Please go through the records below and return every line holding the word "axis".

[Opening Given records section]

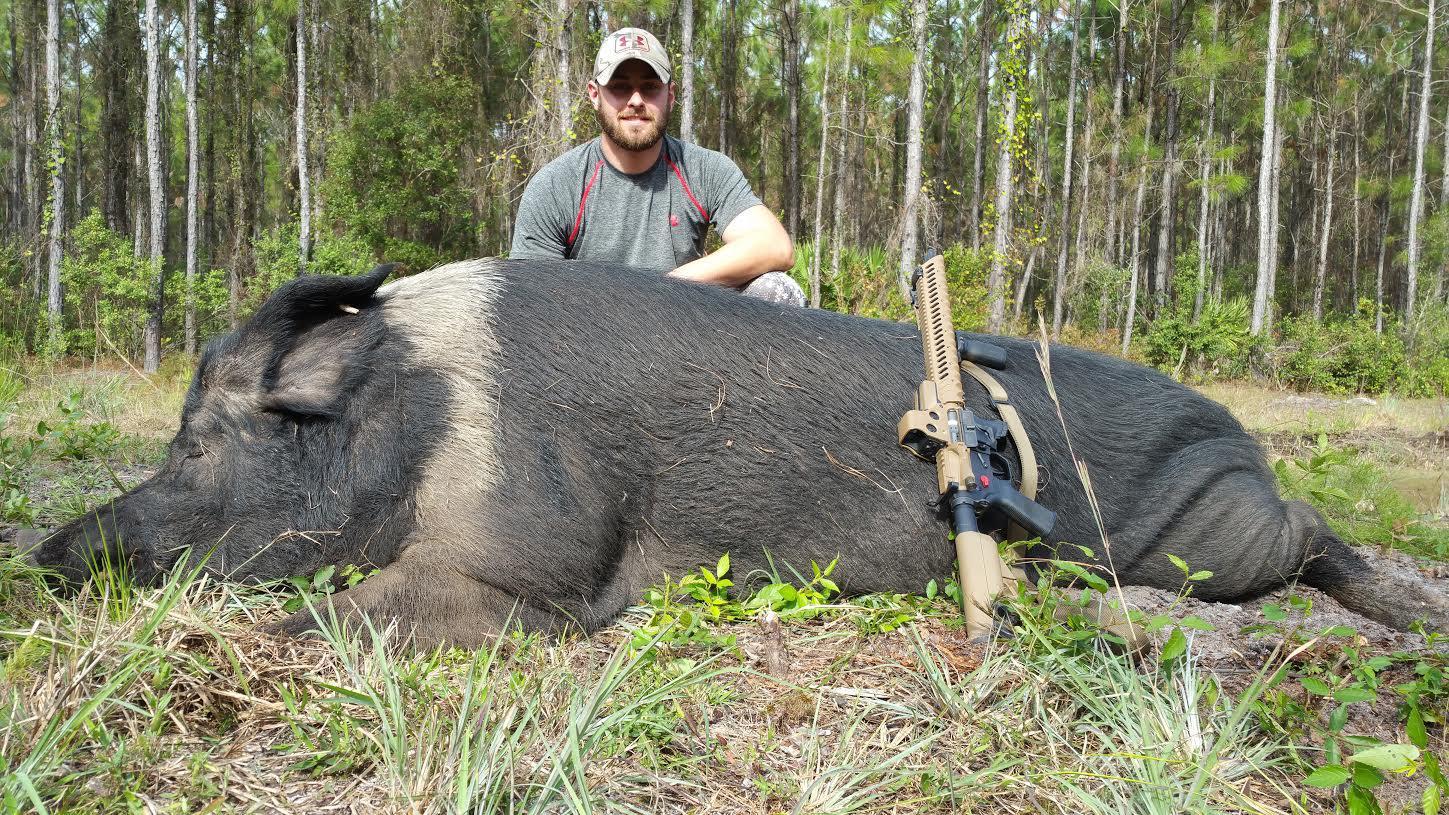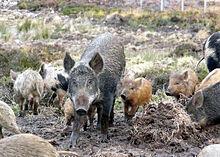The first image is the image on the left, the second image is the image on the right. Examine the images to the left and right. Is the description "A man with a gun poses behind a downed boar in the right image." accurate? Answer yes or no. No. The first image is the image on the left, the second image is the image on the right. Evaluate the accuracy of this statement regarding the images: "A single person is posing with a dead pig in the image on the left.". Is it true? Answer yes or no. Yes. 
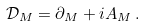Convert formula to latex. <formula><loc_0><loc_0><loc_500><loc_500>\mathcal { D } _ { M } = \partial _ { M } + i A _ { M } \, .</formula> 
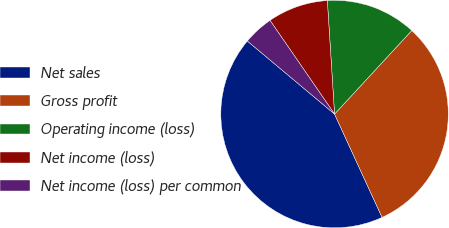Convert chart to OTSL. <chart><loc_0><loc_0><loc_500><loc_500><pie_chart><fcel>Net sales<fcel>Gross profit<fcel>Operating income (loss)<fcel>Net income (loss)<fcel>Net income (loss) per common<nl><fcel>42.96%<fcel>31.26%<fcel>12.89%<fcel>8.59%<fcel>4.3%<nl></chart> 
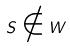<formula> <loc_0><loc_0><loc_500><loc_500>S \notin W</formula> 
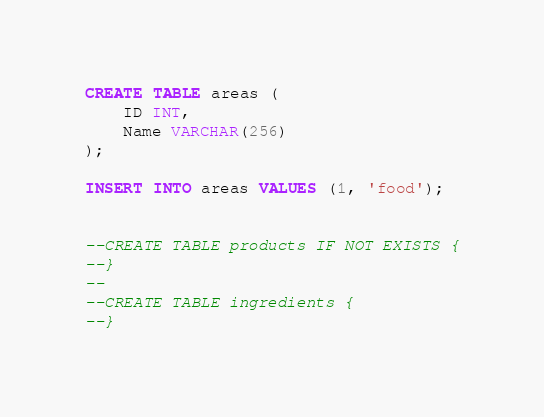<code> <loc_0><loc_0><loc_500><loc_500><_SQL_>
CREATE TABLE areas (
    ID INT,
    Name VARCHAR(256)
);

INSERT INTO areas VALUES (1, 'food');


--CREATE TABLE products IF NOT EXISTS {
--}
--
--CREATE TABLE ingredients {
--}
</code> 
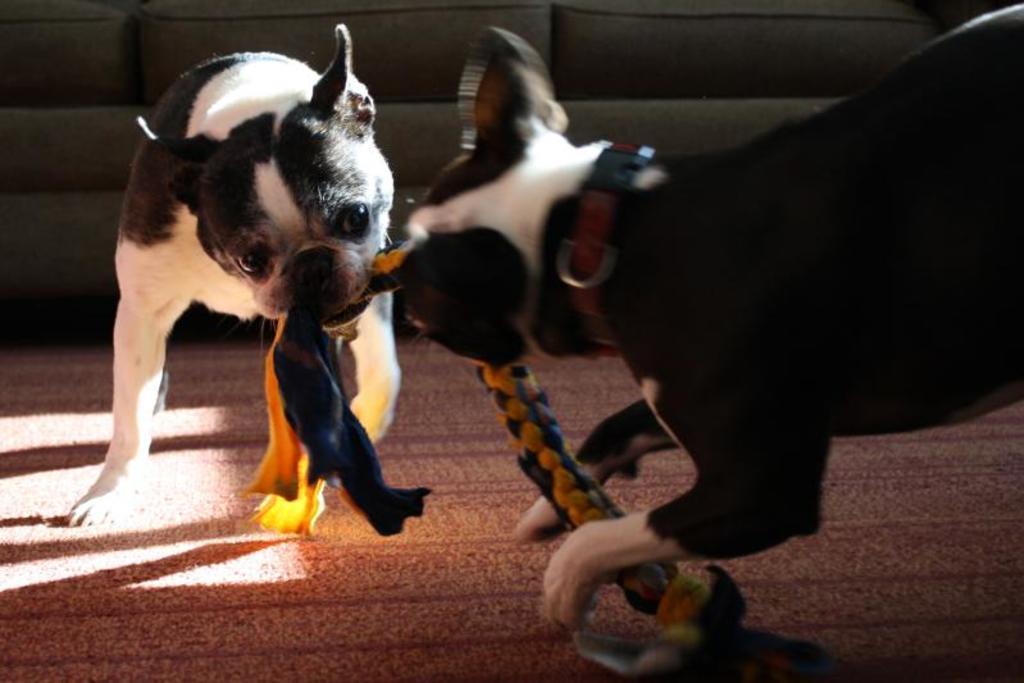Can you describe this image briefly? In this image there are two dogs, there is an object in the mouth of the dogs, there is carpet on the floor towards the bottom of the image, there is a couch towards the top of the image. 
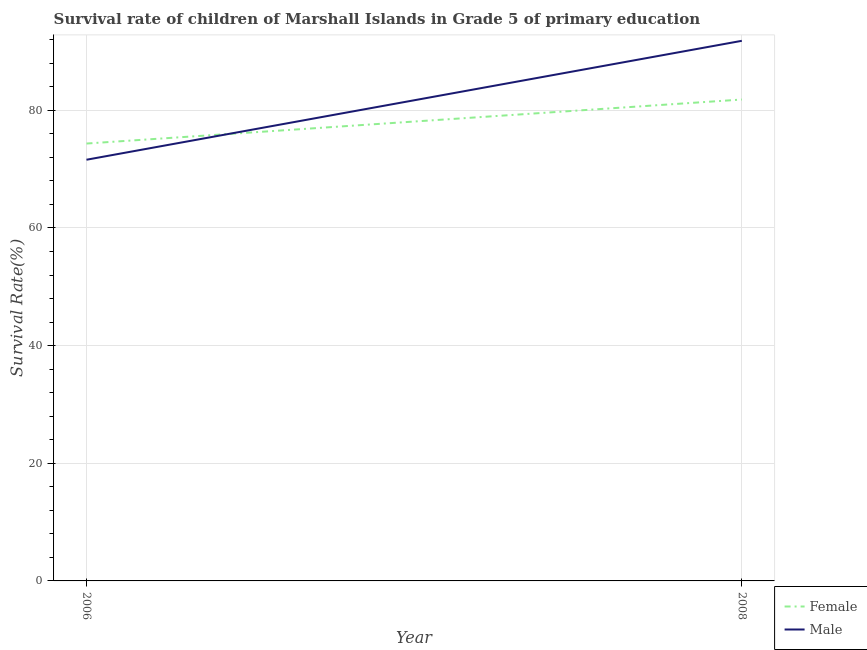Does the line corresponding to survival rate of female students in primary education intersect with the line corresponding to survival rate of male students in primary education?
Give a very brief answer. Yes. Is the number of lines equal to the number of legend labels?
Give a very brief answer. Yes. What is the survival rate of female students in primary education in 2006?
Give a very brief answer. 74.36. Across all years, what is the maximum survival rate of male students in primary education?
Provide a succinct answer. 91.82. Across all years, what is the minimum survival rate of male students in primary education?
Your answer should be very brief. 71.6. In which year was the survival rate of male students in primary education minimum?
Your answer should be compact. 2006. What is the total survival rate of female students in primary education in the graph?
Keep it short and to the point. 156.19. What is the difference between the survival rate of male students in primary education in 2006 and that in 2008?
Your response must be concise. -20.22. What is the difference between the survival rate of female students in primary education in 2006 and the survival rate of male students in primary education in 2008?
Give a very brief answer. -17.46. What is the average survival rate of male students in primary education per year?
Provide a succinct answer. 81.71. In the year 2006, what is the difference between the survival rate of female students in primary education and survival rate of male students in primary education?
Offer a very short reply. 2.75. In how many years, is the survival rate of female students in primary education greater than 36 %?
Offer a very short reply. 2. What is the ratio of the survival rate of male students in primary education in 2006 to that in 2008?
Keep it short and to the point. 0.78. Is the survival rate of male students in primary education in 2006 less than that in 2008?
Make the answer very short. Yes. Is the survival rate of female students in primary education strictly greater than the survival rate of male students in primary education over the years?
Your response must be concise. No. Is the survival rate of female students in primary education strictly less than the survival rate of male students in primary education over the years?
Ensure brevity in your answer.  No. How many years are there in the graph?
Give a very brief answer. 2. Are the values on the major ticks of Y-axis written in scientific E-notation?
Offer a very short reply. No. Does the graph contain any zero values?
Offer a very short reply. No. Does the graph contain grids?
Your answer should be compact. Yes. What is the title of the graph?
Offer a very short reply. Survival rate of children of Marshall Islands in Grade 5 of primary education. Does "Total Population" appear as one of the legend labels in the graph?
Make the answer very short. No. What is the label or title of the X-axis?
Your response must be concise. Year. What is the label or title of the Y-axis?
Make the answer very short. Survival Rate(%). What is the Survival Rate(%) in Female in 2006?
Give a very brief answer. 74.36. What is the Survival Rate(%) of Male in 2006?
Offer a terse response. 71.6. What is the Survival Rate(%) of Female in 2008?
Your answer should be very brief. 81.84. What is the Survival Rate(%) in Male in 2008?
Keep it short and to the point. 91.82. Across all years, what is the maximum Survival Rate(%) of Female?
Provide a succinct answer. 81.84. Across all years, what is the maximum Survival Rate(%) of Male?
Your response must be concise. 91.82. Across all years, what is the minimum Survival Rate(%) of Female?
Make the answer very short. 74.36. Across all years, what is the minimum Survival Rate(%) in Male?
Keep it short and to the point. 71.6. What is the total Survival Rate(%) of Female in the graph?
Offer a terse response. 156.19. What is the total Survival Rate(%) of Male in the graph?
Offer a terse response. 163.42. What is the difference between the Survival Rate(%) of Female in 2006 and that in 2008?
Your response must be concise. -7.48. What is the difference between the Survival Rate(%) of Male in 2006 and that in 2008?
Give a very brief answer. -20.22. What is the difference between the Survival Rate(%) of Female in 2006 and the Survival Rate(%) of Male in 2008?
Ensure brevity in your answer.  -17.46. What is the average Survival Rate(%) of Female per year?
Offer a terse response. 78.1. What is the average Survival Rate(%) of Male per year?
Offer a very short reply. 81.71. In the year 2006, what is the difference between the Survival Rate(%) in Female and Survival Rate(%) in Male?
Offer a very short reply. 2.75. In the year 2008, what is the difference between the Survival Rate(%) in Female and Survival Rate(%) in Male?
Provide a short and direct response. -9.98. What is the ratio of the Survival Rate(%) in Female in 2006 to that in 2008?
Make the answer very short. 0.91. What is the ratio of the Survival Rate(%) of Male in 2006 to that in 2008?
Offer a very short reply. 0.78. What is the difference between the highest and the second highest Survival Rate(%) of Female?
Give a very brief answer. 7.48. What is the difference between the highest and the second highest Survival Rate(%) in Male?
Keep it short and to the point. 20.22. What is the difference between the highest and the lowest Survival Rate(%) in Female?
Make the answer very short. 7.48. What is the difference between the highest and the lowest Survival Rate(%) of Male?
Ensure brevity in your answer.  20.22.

[Closing Given records section]

• **Task result**
Give a very brief answer. 2. Are the values on the major ticks of Y-axis written in scientific E-notation?
Make the answer very short. No. What is the label or title of the X-axis?
Your response must be concise. Year. What is the label or title of the Y-axis?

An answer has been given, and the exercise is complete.